Full Episode
I came to the psychology of human misjudgment almost against my will. I rejected it until I realized that my attitude was costing me a lot of money and reduced my ability to help everything I loved. That's a quote by Charlie Munger, and that's what we're going to talk about today. The psychology of human misjudgment. Welcome to The Knowledge Project. I'm your host, Shane Parish.
This podcast is all about learning from others, mastering the best of what they figured out so you can use their lessons in your life. Charlie Munger was a lawyer from Omaha who taught himself psychology because Harvard Law School refused to. Munger was the partner of Warren Buffett, and together they created one of the best track records the world has ever seen.
And they used psychology to do it. In 1995, Munger formalized what he'd learned into a speech at Harvard. He called it the psychology of human misjudgment. And in it, he identified 24 psychological tendencies that cause systematic errors in thinking. Ten years later, at age 81, he rewrote it from memory, expanding it to 25 tendencies.
I published the full updated version on fs.blog with his personal permission. We're the only website, to my knowledge, that has this permission to post it. I'll put the link in the description. The psychology of human misjudgment is one of the most valuable frameworks for understanding human behavior ever created. It's Munger's map of how your brain systematically fools you and how to fight back.

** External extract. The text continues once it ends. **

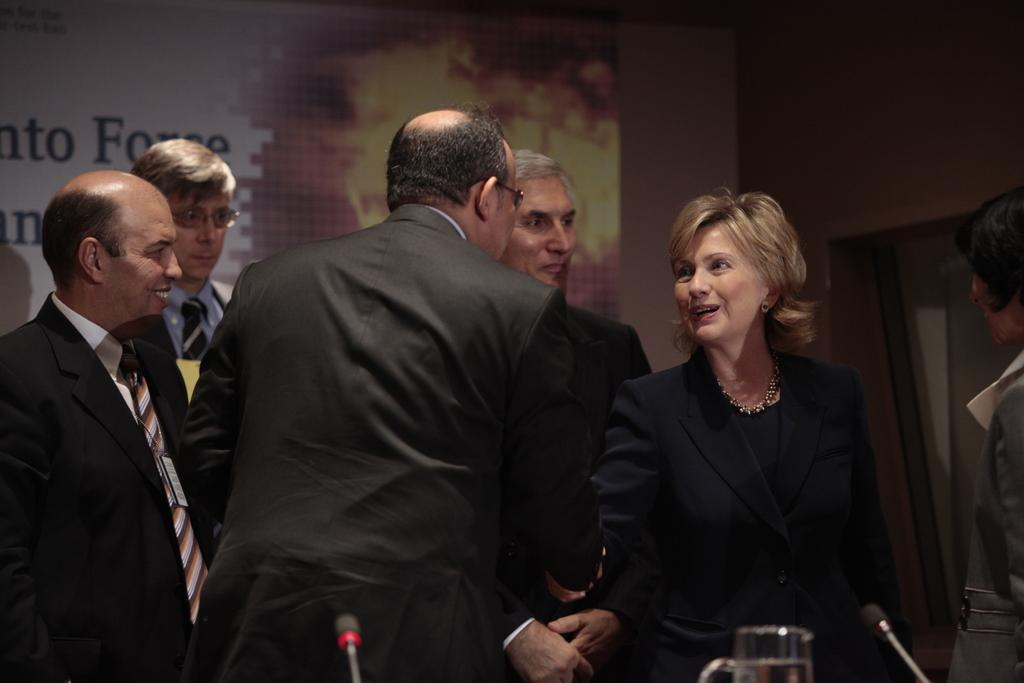How many people are in the image? There is a group of people in the image. What are two people in the image doing? Two people are greeting each other in the image. What can be seen in the background of the image? There is a banner in the background of the image, and a wall beside the banner. What type of vein is visible on the drum in the image? There is no drum or vein present in the image. What material is the plastic used for in the image? There is no plastic present in the image.

Let's dive in. Pattern one, reward and punishment super response tendency. Munger opened his talk with what he felt is one of the most important and underrated patterns, what he called reward and punishment super response tendency, otherwise known as just incentives and disincentives.
Munger starts by saying, well, I think I've been in the top 5% of my age cohort all my life and understanding the power of incentives and all my life I underestimated it and I Never a year passes but I get some surprise that pushes my limit a little farther.
Munger was perhaps one of the smartest people in business. Someone who spent decades intensely studying this topic in his spare time. And he said he still underestimated how powerful incentives are. The simple maxim Munger came up with for this is never ever think about something else when you should be thinking about the power of incentives.
Munger's favorite example of getting the incentives right is Federal Express. We had a whole episode on Fred Smith and Federal Express a few months ago, and this story is part of it, but I'm going to repeat it here because it's so revealing about incentives. FedEx built their entire business model on one thing, speed.
Packages had to move through one central airport hub every single night, get sorted rapidly, and then get on planes heading to their final destination. The whole system depended on these night shift workers unloading and then loading these planes all in one overnight shift. By daybreak, all planes had to be in the air. But they always had issues getting it done before sunrise.